### Assignment
Copy every line that contains the string "resistance" from the entries below.

○ ○ ○ ○ ○ ○ ○

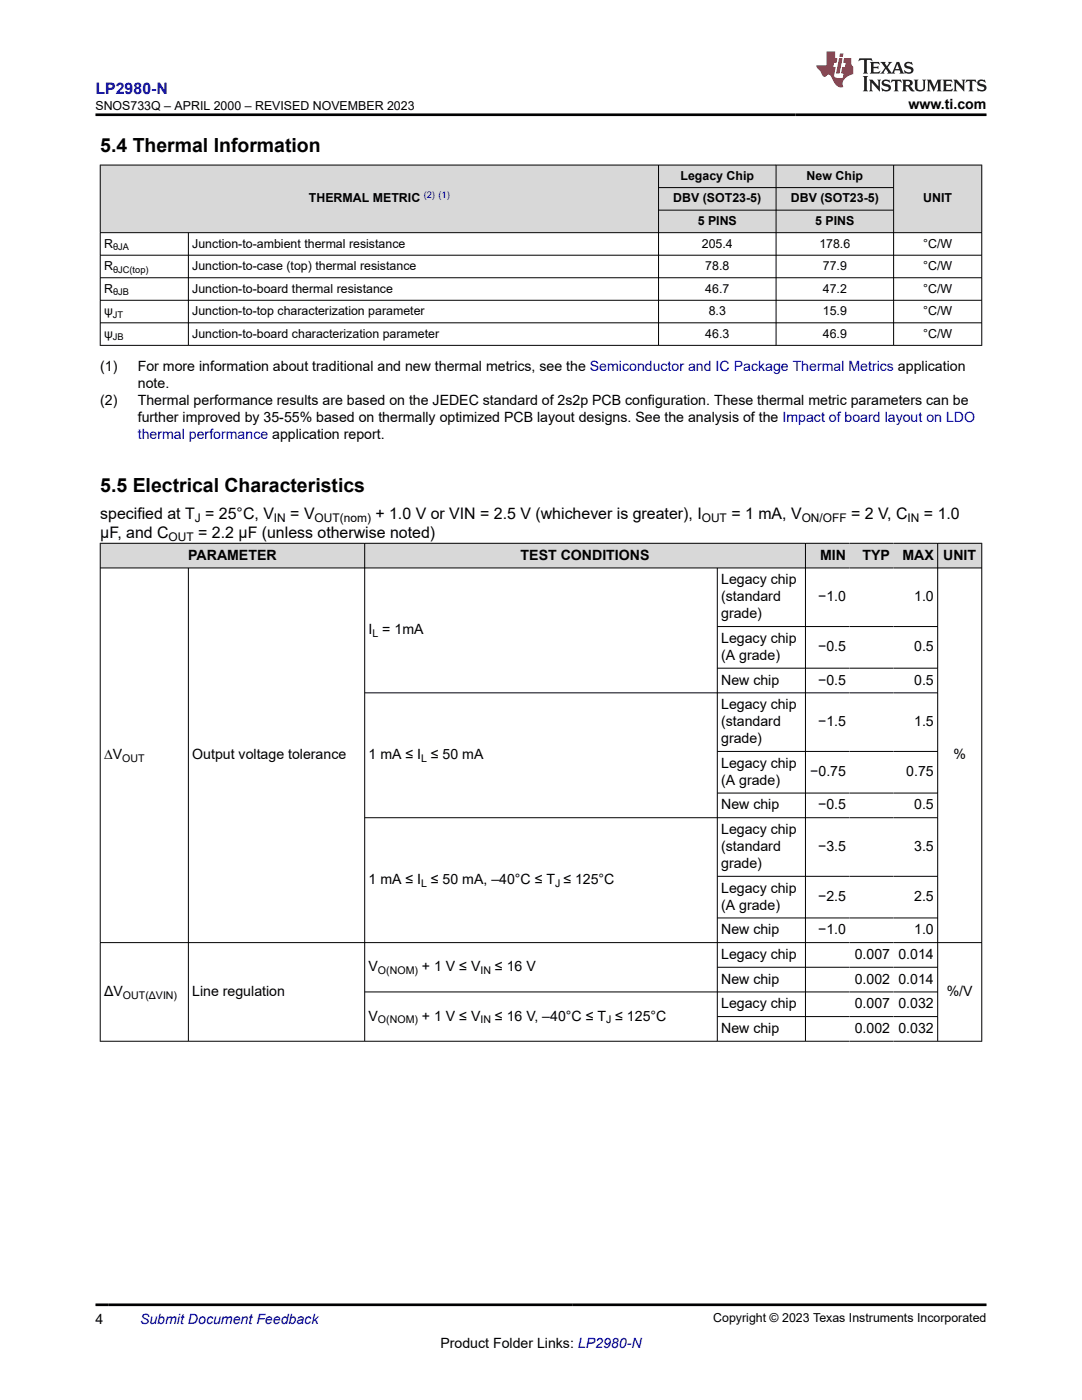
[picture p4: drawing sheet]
<svg xmlns="http://www.w3.org/2000/svg" width="216mm" height="279mm" viewBox="0 0 216 279" stroke-linecap="round" stroke-linejoin="round" font-family="sans-serif">
<defs><g id="words">
<g font-size="3.9">
<text x="20" y="30.3">5.4 Thermal Information</text>
<text x="20" y="98.1">5.5 Electrical Characteristics</text>
</g>
<text font-size="3.2" fill="#00f" x="19.1" y="18.7">LP2980-N</text>
<g font-size="3.2">
<text x="20" y="107.4">µF, and C</text>
<text x="20" y="103.6">specified at T = 25°C, V</text>
<text x="39.6" y="107.4">= 2.2 µF (unless otherwise noted)</text>
<text x="57.9" y="103.6">= V</text>
<text x="74.9" y="103.6">+ 1.0 V or VIN = 2.5 V (whichever is greater), I</text>
<text x="145.9" y="103.6">= 1 mA, V</text>
<text x="169.8" y="103.6">= 2 V, C</text>
<text x="184.4" y="103.6">= 1.0</text>
</g>
<g font-size="2.8">
<text x="181.3" y="21.8">www.ti.com</text>
<text x="20" y="74.1">(1)</text>
<text x="27.5" y="77.5">note.</text>
<text x="27.5" y="74.1">For more information about traditional and new thermal metrics, see the Semiconductor and IC Package Thermal Metrics application</text>
<text x="20" y="80.8">(2)</text>
<text x="27.5" y="80.8">Thermal performance results are based on the JEDEC standard of 2s2p PCB configuration. These thermal metric parameters can be</text>
<text x="27.5" y="84.2">further improved by 35-55% based on thermally optimized PCB layout designs. See the analysis of the Impact of board layout on LDO</text>
<text x="37.6" y="111.7">PARAMETER</text>
<text x="103.9" y="111.7">TEST CONDITIONS</text>
<text x="163.6" y="111.7">MIN</text>
<text x="172.1" y="111.7">TYP</text>
<text x="180.1" y="111.7">MAX</text>
<text x="188.2" y="111.7">UNIT</text>
<text x="143.9" y="116.6">Legacy chip</text>
<text x="143.9" y="120">(standard</text>
<text x="143.9" y="123.4">grade)</text>
<text x="163.2" y="120">−1.0</text>
<text x="182.4" y="120">1.0</text>
<text x="73.5" y="126.6">I = 1mA</text>
<text x="143.9" y="128.3">Legacy chip</text>
<text x="143.9" y="131.7">(A grade)</text>
<text x="163.2" y="130">−0.5</text>
<text x="182.4" y="130">0.5</text>
<text x="143.9" y="136.6">New chip</text>
<text x="163.2" y="136.6">−0.5</text>
<text x="182.4" y="136.6">0.5</text>
<text x="143.9" y="141.5">Legacy chip</text>
<text x="143.9" y="144.9">(standard</text>
<text x="143.9" y="148.3">grade)</text>
<text x="163.2" y="144.9">−1.5</text>
<text x="182.4" y="144.9">1.5</text>
<text x="20.8" y="151.5">∆V</text>
<text x="38.4" y="151.5">Output voltage tolerance</text>
<text x="73.5" y="151.5">1 mA ≤ I ≤ 50 mA</text>
<text x="143.9" y="153.2">Legacy chip</text>
<text x="161.7" y="154.9">−0.75</text>
<text x="180.8" y="154.9">0.75</text>
<text x="190.2" y="151.5">%</text>
<text x="143.9" y="156.6">(A grade)</text>
<text x="143.9" y="161.5">New chip</text>
<text x="163.2" y="161.5">−0.5</text>
<text x="182.4" y="161.5">0.5</text>
<text x="143.9" y="166.5">Legacy chip</text>
<text x="143.9" y="169.9">(standard</text>
<text x="143.9" y="173.2">grade)</text>
<text x="163.2" y="169.9">−3.5</text>
<text x="182.4" y="169.9">3.5</text>
<text x="73.5" y="176.5">1 mA ≤ I ≤ 50 mA, –40°C ≤ T ≤ 125°C</text>
<text x="143.9" y="178.2">Legacy chip</text>
<text x="163.2" y="179.9">−2.5</text>
<text x="182.4" y="179.9">2.5</text>
<text x="143.9" y="181.6">(A grade)</text>
<text x="143.9" y="186.5">New chip</text>
<text x="143.9" y="191.4">Legacy chip</text>
<text x="163.2" y="186.5">−1.0</text>
<text x="170.5" y="191.4">0.007</text>
<text x="179.3" y="191.4">0.014</text>
<text x="182.4" y="186.5">1.0</text>
<text x="73.5" y="193.9">V</text>
<text x="84.2" y="193.9">+ 1 V ≤ V</text>
<text x="98.8" y="193.9">≤ 16 V</text>
<text x="143.9" y="196.3">New chip</text>
<text x="170.5" y="196.3">0.002</text>
<text x="179.3" y="196.3">0.014</text>
<text x="20.8" y="198.8">ΔV</text>
<text x="38.4" y="198.8">Line regulation</text>
<text x="73.5" y="203.7">V</text>
<text x="84.2" y="203.7">+ 1 V ≤ V</text>
<text x="98.8" y="203.7">≤ 16 V, –40°C ≤ T ≤ 125°C</text>
<text x="143.9" y="201.2">Legacy chip</text>
<text x="170.5" y="201.2">0.007</text>
<text x="179.3" y="201.2">0.032</text>
<text x="188.9" y="198.8">%/V</text>
<text x="143.9" y="206.2">New chip</text>
<text x="170.5" y="206.2">0.002</text>
<text x="179.3" y="206.2">0.032</text>
<text x="19.1" y="264.2">4</text>
<text x="87.9" y="269">Product Folder Links: LP2980-N</text>
</g>
<g font-size="2.8" fill="#00f">
<text x="27.5" y="87.6">thermal performance application report.</text>
<text x="27.9" y="264.2">Submit Document Feedback</text>
</g>
<g font-size="2.5">
<text x="19.1" y="21.9">SNOS733Q – APRIL 2000 – REVISED NOVEMBER 2023</text>
<text x="135.8" y="35.9">Legacy Chip</text>
<text x="161" y="35.9">New Chip</text>
<text x="61.6" y="40.4">THERMAL METRIC</text>
<text x="134.3" y="40.4">DBV (SOT23-5)</text>
<text x="157.8" y="40.4">DBV (SOT23-5)</text>
<text x="184.2" y="40.4">UNIT</text>
<text x="139.2" y="44.9">5 PINS</text>
<text x="162.7" y="44.9">5 PINS</text>
<text x="20.8" y="49.4">R</text>
<text x="20.8" y="53.9">R</text>
<text x="38.4" y="49.4">Junction-to-ambient thermal resistance</text>
<text x="38.4" y="53.9">Junction-to-case (top) thermal resistance</text>
<text x="140" y="49.4">205.4</text>
<text x="140.7" y="53.9">78.8</text>
<text x="163.5" y="49.4">178.6</text>
<text x="164.2" y="53.9">77.9</text>
<text x="184.2" y="49.4">°C/W</text>
<text x="184.2" y="53.9">°C/W</text>
<text x="20.8" y="58.4">R</text>
<text x="38.4" y="58.4">Junction-to-board thermal resistance</text>
<text x="140.7" y="58.4">46.7</text>
<text x="164.2" y="58.4">47.2</text>
<text x="184.2" y="58.4">°C/W</text>
<text x="20.8" y="62.9">ψ</text>
<text x="38.4" y="62.9">Junction-to-top characterization parameter</text>
<text x="141.4" y="62.9">8.3</text>
<text x="164.2" y="62.9">15.9</text>
<text x="184.2" y="62.9">°C/W</text>
<text x="20.8" y="67.4">ψ</text>
<text x="38.4" y="67.4">Junction-to-board characterization parameter</text>
<text x="140.7" y="67.4">46.3</text>
<text x="164.2" y="67.4">46.9</text>
<text x="184.2" y="67.4">°C/W</text>
<text x="142.3" y="263.9">Copyright © 2023 Texas Instruments Incorporated</text>
</g>
<g font-size="2.4">
<text x="38.9" y="104.2">J</text>
<text x="54.7" y="104.2">IN</text>
<text x="62.8" y="104.2">OUT(nom)</text>
<text x="140" y="104.2">OUT</text>
<text x="160" y="104.2">ON/OFF</text>
<text x="181.1" y="104.2">IN</text>
<text x="33.7" y="108">OUT</text>
</g>
<g font-size="2.1">
<text x="74.3" y="127.2">L</text>
<text x="24.4" y="152.1">OUT</text>
<text x="84" y="152.1">L</text>
<text x="84" y="177">L</text>
<text x="110.8" y="177">J</text>
<text x="75.4" y="194.4">O(NOM)</text>
<text x="95.9" y="194.4">IN</text>
<text x="24.5" y="199.3">OUT(ΔVIN)</text>
<text x="75.4" y="204.3">O(NOM)</text>
<text x="95.9" y="204.3">IN</text>
<text x="120.9" y="204.3">J</text>
</g>
<text font-size="1.9" fill="#00f" x="84.5" y="39.6">(2) (1)</text>
<g font-size="1.9">
<text x="22.6" y="49.9">θJA</text>
<text x="22.6" y="54.4">θJC(top)</text>
<text x="22.6" y="58.9">θJB</text>
<text x="22.5" y="63.4">JT</text>
<text x="22.5" y="67.9">JB</text>
</g>
</g></defs>
<g fill="#d8d8d8">
<path d="M20 32.9h175.9v4.5h-175.9z" fill-rule="evenodd"/>
<path d="M20.1 33h111.2v13.4h-111.2z" fill-rule="evenodd"/>
<path d="M131.5 33h23.3v4.4h-23.3z" fill-rule="evenodd"/>
<path d="M154.9 33h23.3v4.4h-23.3z" fill-rule="evenodd"/>
<path d="M178.4 33h17.4v13.4h-17.4z" fill-rule="evenodd"/>
<path d="M131.5 37.5h23.3v4.4h-23.3z" fill-rule="evenodd"/>
<path d="M154.9 37.5h23.3v4.4h-23.3z" fill-rule="evenodd"/>
<path d="M131.5 42h23.3v4.4h-23.3z" fill-rule="evenodd"/>
<path d="M154.9 42h23.3v4.4h-23.3z" fill-rule="evenodd"/>
</g>
<g fill="none" stroke="#000" stroke-width=".2">
<path d="M19.9 32.9h176.1M20 32.9v36.1M131.4 32.9v36.1M131.4 37.4h47M154.9 32.9v36.1M178.3 32.9v36.1M195.9 32.9v36.1M19.9 46.4h176.1M19.9 50.9h176.1M19.9 55.4h176.1M19.9 59.9h176.1M37.6 46.4v22.6"/>
<path d="M131.4 41.9h47M19.9 64.4h176.1M19.9 68.9h176.1"/>
</g>
<g fill="#d8d8d8">
<path d="M20 108.4h175.9v4.9h-175.9z" fill-rule="evenodd"/>
<path d="M20.1 108.5h52.6v4.8h-52.6z" fill-rule="evenodd"/>
<path d="M72.8 108.5h87.9v4.8h-87.9z" fill-rule="evenodd"/>
<path d="M160.8 108.5h8.7v4.8h-8.7z" fill-rule="evenodd"/>
<path d="M169.5 108.5h8.8v4.8h-8.8z" fill-rule="evenodd"/>
<path d="M178.3 108.5h8.7v4.8h-8.7z" fill-rule="evenodd"/>
<path d="M187.2 108.5h8.6v4.8h-8.6z" fill-rule="evenodd"/>
</g>
<g fill="none" stroke="#000" stroke-width=".2">
<path d="M19.9 108.4h176.1M19.9 113.3h176.1M20 108.4v99.5M37.6 113.3v94.6M72.8 108.4v99.5M143.1 113.3v94.6M160.7 108.4v99.5M187.1 108.4v99.5M195.9 108.4v99.5M72.8 138.3h114.4M143.1 125h44.1M143.1 133.4h44.1"/>
<path d="M143.1 150h44.1M143.1 158.3h44.1M143.1 174.9h44.1M187.2 163.2h-114.4M19.9 188.1h176.1M72.8 198h114.4M143.1 183.2h44.1M143.1 193h44.1M19.9 207.8h176.1M143.1 202.9h44.1"/>
</g>
<path d="M171.5 11.6l-.2 .6 .5-.2h.6v.1v2.2l-.2 .4h1l-.2-.4v-2.2v-.1h.5l.6 .2-.2-.6zM173.6 12.4l.2 .3v1.6l-.2 .4h1.9l.1-.6a1.08 1.08 0 0 1-1.3 .2v-.7h.6l.4 .2v-.7l-.4 .2h-.6v-.5l.2-.2a1 1 0 0 1 1 .3l-.1-.5zM175.7 12.4l.9 1.1-1 1.2h.9l-.2-.2 .5-.8 .4 .8-.2 .2h1.6l-.2-.2 .2-.5h.9l.1 .5-.1 .2h.9l-.2-.4-.8-1.9h-.5l-.9 2.1-.9-1.1 .9-1h-.8l.2 .2-.4 .6-.4-.6 .2-.2zM179 12.8l.4 1h-.7zM180.7 12.5a.65 .65 0 0 0-.2 .7 .65 .65 0 0 0 .6 .5l.6 .1 .1 .3a.79 .79 0 0 1-.7 .4 .79 .79 0 0 1-.7-.5l.1 .7 .2-.1a.93 .93 0 0 0 1.1 0 .93 .93 0 0 0 .4-.9 1.46 1.46 0 0 0-1.2-.6l-.1-.3a1.09 1.09 0 0 1 1.2 .2l-.2-.6-.1 .1-.5-.2zM172.2 15.2l.2 .4v2.2l-.2 .4h1l-.2-.4v-2.2l.2-.4zM173.4 15.9l.2 .4v1.5l-.2 .4h.8l-.3-.4 .1-1.3 1.6 1.8v-2l.2-.4h-.7l.1 .2 .1 1.1-1.2-1.3zM176.2 16a.65 .65 0 0 0-.2 .8 .65 .65 0 0 0 .6 .4l.6 .2 .1 .2a.79 .79 0 0 1-.7 .4 .79 .79 0 0 1-.7-.5l.1 .7 .2-.1a.93 .93 0 0 0 1.1 .1 .93 .93 0 0 0 .4-1 1.46 1.46 0 0 0-1.2-.5l-.1-.4a1.09 1.09 0 0 1 1.2 .2l-.1-.6-.2 .1-.5-.1zM177.9 15.9l-.1 .6a.63 .63 0 0 1 .8-.3v1.6l-.3 .4h1l-.2-.4v-1.6a.66 .66 0 0 1 .8 .3l-.1-.6zM180 15.9l.2 .4v1.5l-.2 .4h1l-.2-.2-.1-.7h.5l.1 .2a.79 .79 0 0 0 1.2 .6l-1-.9a.61 .61 0 0 0 .6-.6 .61 .61 0 0 0-.5-.7zM180.8 16.2h.1a.47 .47 0 0 1 .5 .1 .47 .47 0 0 1 .1 .5l-.1 .1-.7 .1zM182.3 15.9l.2 .2a2.27 2.27 0 0 0 .4 2 1.04 1.04 0 0 0 1.7-.7v-1.3l.2-.2h-.8l.2 .4v1.1a.6 .6 0 0 1-.6 .6 .6 .6 0 0 1-.6-.6v-1.1l.3-.4zM184.9 15.9l.2 .4v1.5l-.2 .4h.8l-.3-.4v-1.4l.9 1.9 .9-1.9v1.4l-.3 .4h1l-.2-.4v-1.5l.2-.4h-.8l-.7 1.5-.6-1.5zM188.1 15.9l.2 .4v1.5l-.2 .4h1.9l.1-.6a1.09 1.09 0 0 1-1.3 .2v-.7h.6l.4 .2v-.6l-.4 .2h-.6v-.6l.2-.1a1.01 1.01 0 0 1 1 .3l-.1-.6zM190.2 15.9l.3 .4v1.5l-.3 .4h.8l-.2-.4v-1.3l1.6 1.8v-2l.2-.4h-.7l.2 .2v1.1l-1.2-1.3zM192.8 15.9l-.1 .6a.63 .63 0 0 1 .8-.3v1.6l-.3 .4h1l-.2-.4v-1.6a.66 .66 0 0 1 .8 .3l-.1-.6zM195.2 16a.65 .65 0 0 0-.2 .8 .65 .65 0 0 0 .6 .4l.6 .2 .2 .2a.79 .79 0 0 1-.7 .4 .79 .79 0 0 1-.7-.5l.1 .7 .2-.1a.93 .93 0 0 0 1 .1 .93 .93 0 0 0 .5-1 1.46 1.46 0 0 0-1.3-.5v-.4a1.09 1.09 0 0 1 1.2 .2l-.2-.6-.2 .1-.5-.1z" fill="#231f20"/>
<path d="M164.9 10.3v2.7h-2l.1 .4 .8 1a.95 .95 0 0 0 1 .9 .59 .59 0 0 1 .5-.4 .59 .59 0 0 1 .5 .3l.4 .8a1.59 1.59 0 0 0 2.1 1.4 1.61 1.61 0 0 1 1-2.3l1-.3-.1-1.5a1.59 1.59 0 0 1-.3-1.7h-1.5l-.2 .9h.6l-.2 .9h-.5l-.2 .9v.3l.4 .1-.1 .9h-.7a.73 .73 0 0 1-1-.7l.3-1.5h-.5l.1-.9h.5l.2-.9h-.5v-1.3zM167.4 11.6l-.6 3.1h.7l.6-3.1zM167.6 10.7l-.1 .6h.7l.1-.6z" fill="#ed1c24"/>
<path d="M19.1 22.9h177.8M19.1 260.4h177.8" fill="none" stroke="#000" stroke-width=".53"/>
<use href="#words"/>
</svg>

○ ○ ○ ○ ○ ○ ○

### Written answer
<text x="38.4" y="49.4">Junction-to-ambient thermal resistance</text>
<text x="38.4" y="53.9">Junction-to-case (top) thermal resistance</text>
<text x="38.4" y="58.4">Junction-to-board thermal resistance</text>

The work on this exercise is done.